You shouldn’t rely too much on my advice: I have exactly five months of experience in deep learning :wink:
It’s a bit like when we use a sigmoid to classify between 0 and 1, so using the cosine similarity here doesn’t shock me.

(Arvind Nagaraj) #18

Sure, but I do value your knowledge and the quality of your posts/notebooks.

More than the cosine similarity, I’m talking about the L1 loss(regression) as opposed to BCELoss(classification).
0 and 1 are not just labels(string) but treated as a measure(int) of similarity.
But…just to be sure…I’ve kicked off a BCELoss classifier as well…will keep an eye on both


For me it’s the cosine similarity that’s really interesting, L1 loss just takes the mean of the differences with the targets, whereas this is the thing that makes object in this big-dimension space look close or not. Let me know if it works better than a the classic BCELoss!

(Arvind Nagaraj) #20

Yeah…so…the BCELoss was a bad idea…I killed it.

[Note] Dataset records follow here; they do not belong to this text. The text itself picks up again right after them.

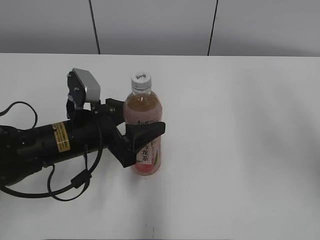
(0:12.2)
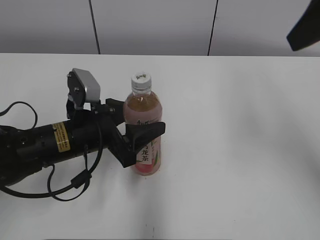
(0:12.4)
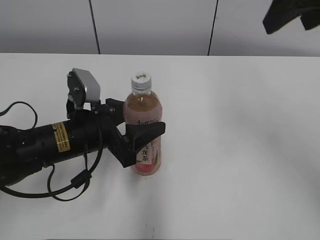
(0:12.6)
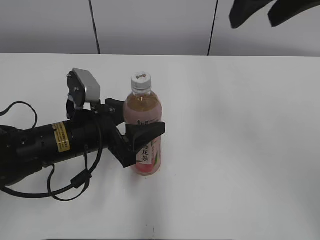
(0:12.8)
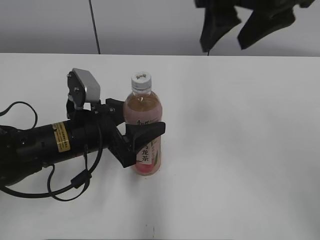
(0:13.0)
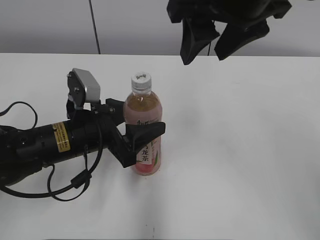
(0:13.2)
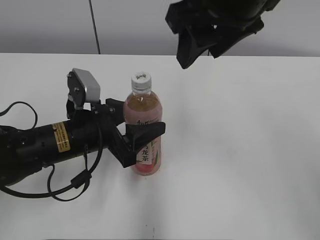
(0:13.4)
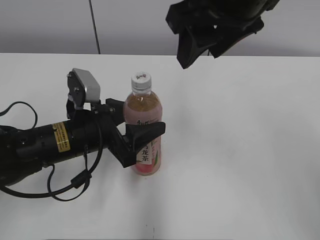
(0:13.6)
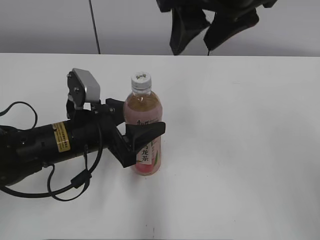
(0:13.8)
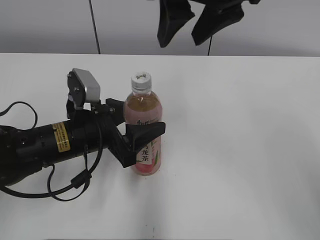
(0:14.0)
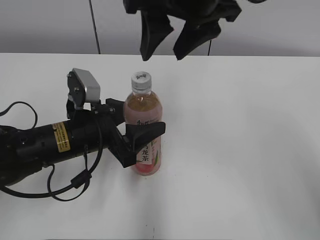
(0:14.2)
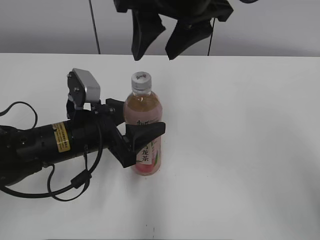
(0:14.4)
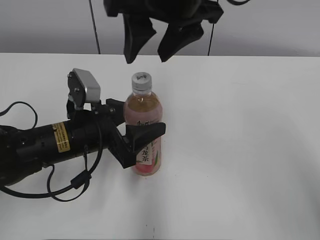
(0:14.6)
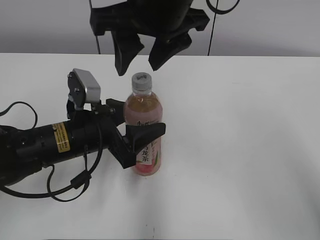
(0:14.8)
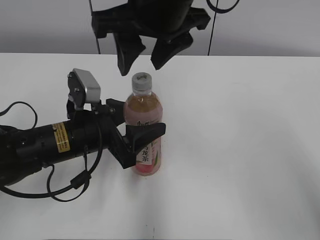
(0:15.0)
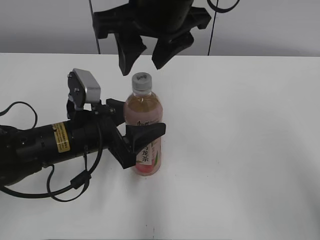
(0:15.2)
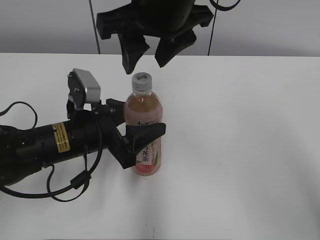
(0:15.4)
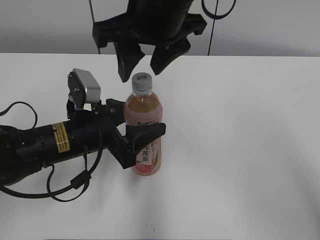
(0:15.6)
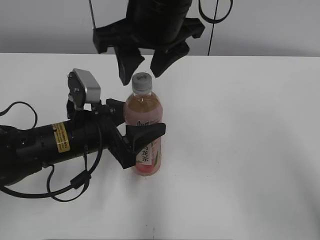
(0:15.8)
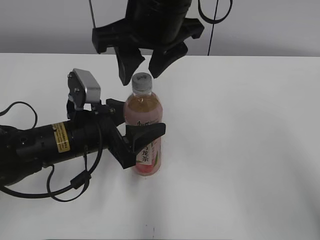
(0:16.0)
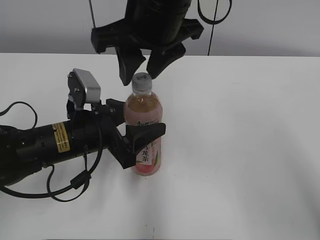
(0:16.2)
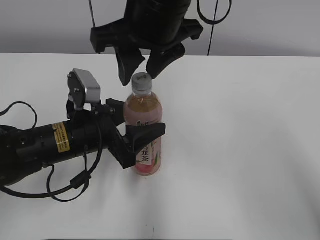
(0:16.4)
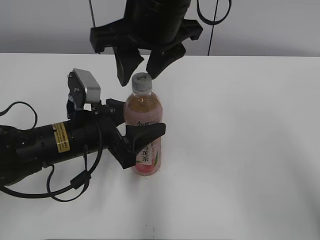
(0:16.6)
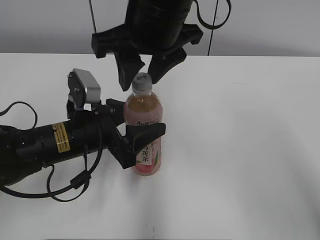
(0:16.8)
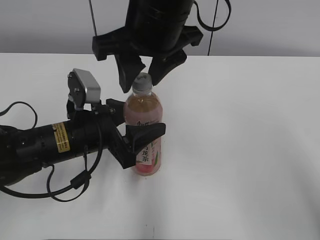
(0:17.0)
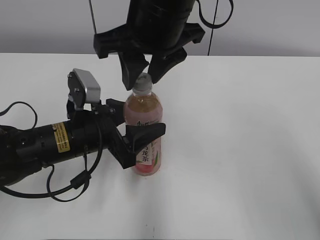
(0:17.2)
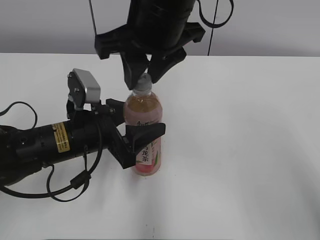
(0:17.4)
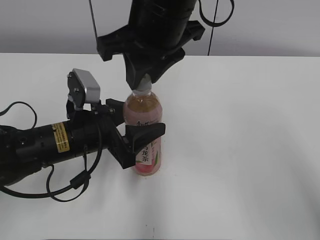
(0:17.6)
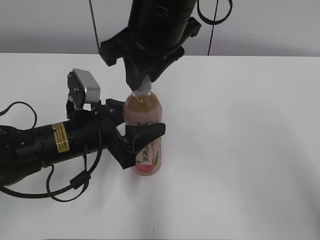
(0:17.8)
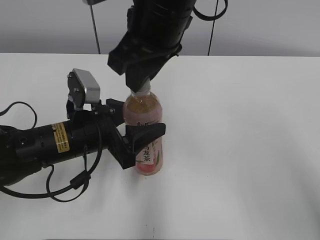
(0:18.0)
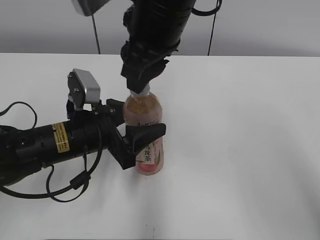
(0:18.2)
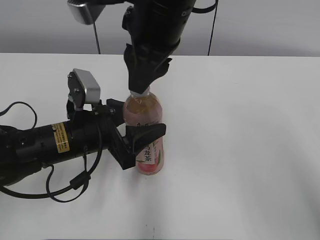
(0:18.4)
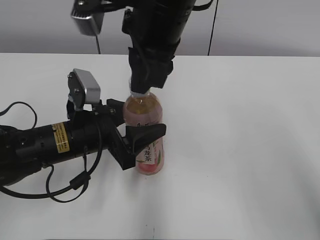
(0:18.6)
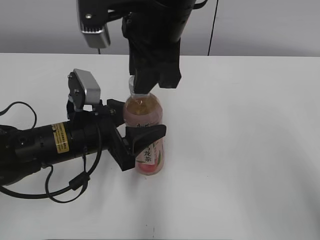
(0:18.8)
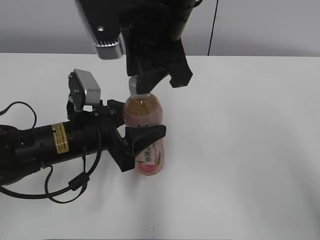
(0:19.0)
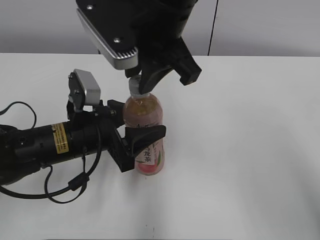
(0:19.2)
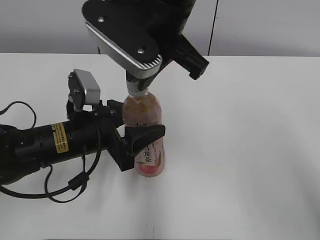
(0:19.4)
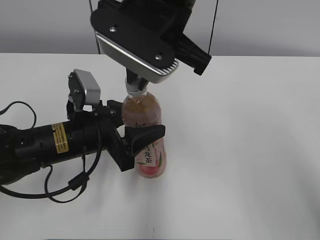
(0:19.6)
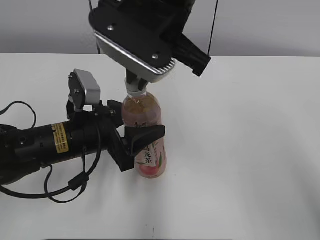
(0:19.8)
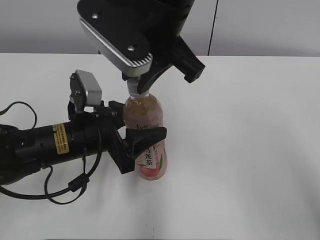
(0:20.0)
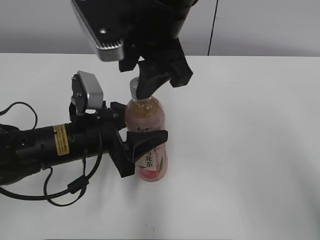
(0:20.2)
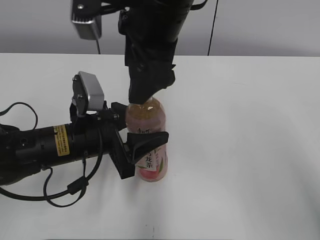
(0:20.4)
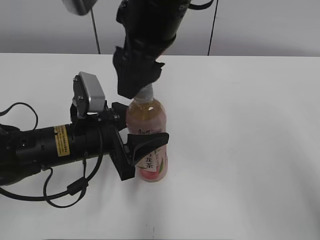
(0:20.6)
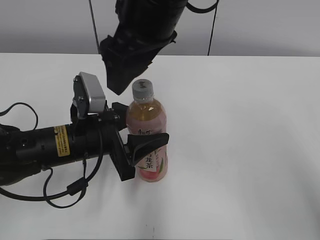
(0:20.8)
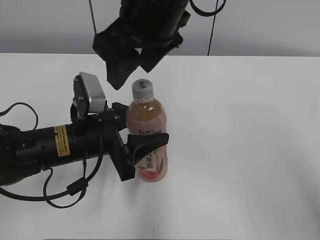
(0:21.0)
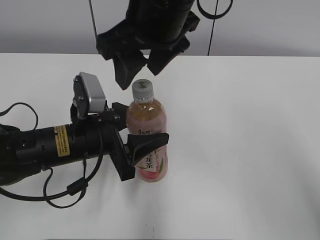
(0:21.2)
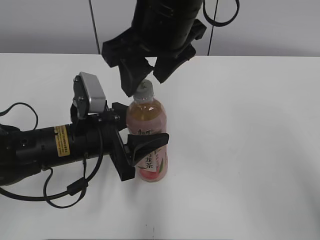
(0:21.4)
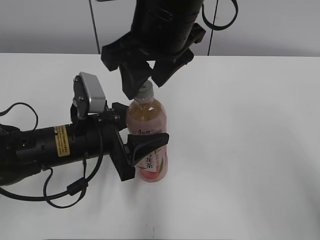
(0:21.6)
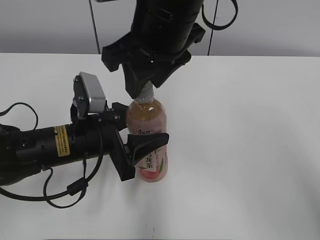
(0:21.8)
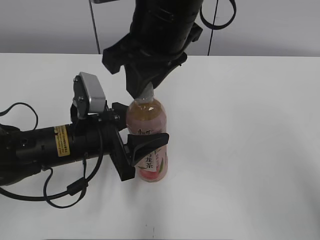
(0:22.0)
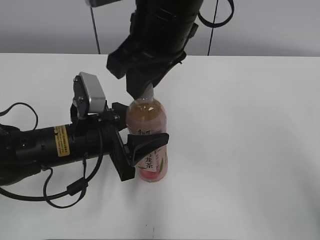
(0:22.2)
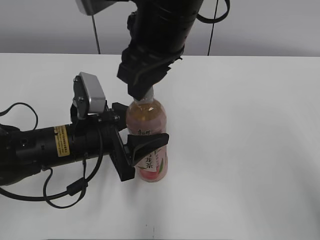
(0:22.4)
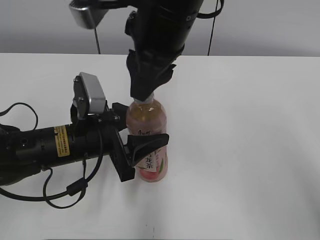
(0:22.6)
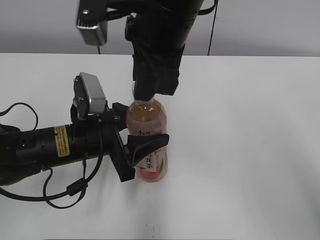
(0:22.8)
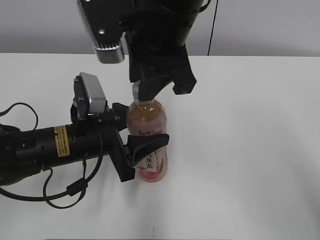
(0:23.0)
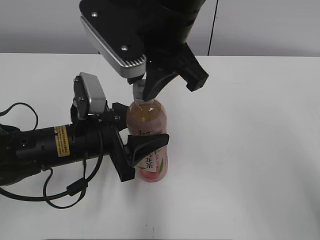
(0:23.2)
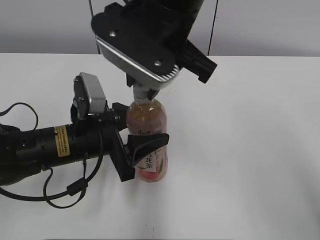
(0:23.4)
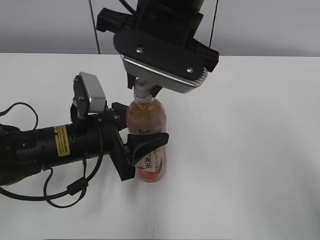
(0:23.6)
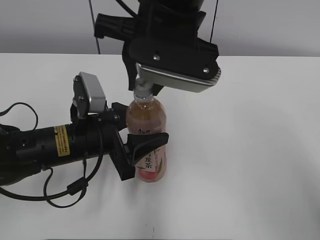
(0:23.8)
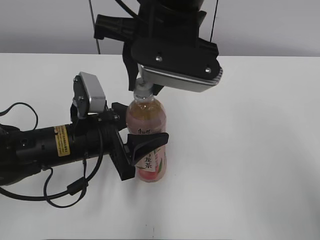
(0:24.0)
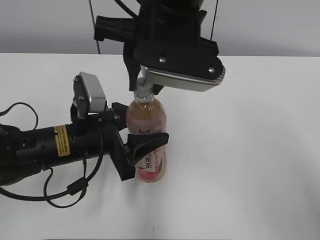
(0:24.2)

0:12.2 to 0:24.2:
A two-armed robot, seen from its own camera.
0:12.2 to 0:13.8: The right gripper is displaced to the left and forward by some 20 cm.
0:13.8 to 0:15.2: The right gripper shifts some 5 cm to the left.
0:15.2 to 0:16.6: The grippers move only a little.
0:16.6 to 0:18.2: The right gripper closes.
0:19.8 to 0:21.2: The right gripper opens its fingers.
0:21.2 to 0:22.6: The right gripper closes.

The loss surface was like the tibetian plateau…what was I thinking?!?

(Arvind Nagaraj) #21

I had a bug in my code…lost a day :frowning:

(Arvind Nagaraj) #22

Alright…so…I totally miscalculated that the Quora dataset is a good representation of “all” sentence pairs.
So while my custom pair similarity tests gave reasonable accuracy scores, the Quora dataset log loss was terrible.

I have loaded up the model + saved weights, changed to a new loss crit(log loss) and started training again. At least I’m not starting from scratch.
If this doesn’t work, I’ll put this piece on hold and work on the LM fine-tune for the STS task.

(Even Oldridge) #23

@narvind2003 @sgugger I’ve been working on getting cosine similarity working instead of MCE for language models. I’ve got a working implementation, but I’m still trying to find a loss function that works well. Mixed with cross entropy it works okay, and slightly improves the accuracy of the model, at a slight expense of mce/perplexity.

By itself it fails to converge to a good solution, I think because there’s a mode collapse of just pushing all of the vectors closer together. I’m working on an alternative loss function that prevents that. If that doesn’t work I was planning on writing up a blog post to celebrate the failure.

(Arvind Nagaraj) #24

Very cool! I look forward to hearing more!

If I understood correctly, you are talking about the LM and not the LM backed classifier.

Are you trying to get the LM to predict target words based on cosine similarity + CE?
By increased accuracy, do you mean that the LM somehow predicted the expected target more often with cosine similarity than without?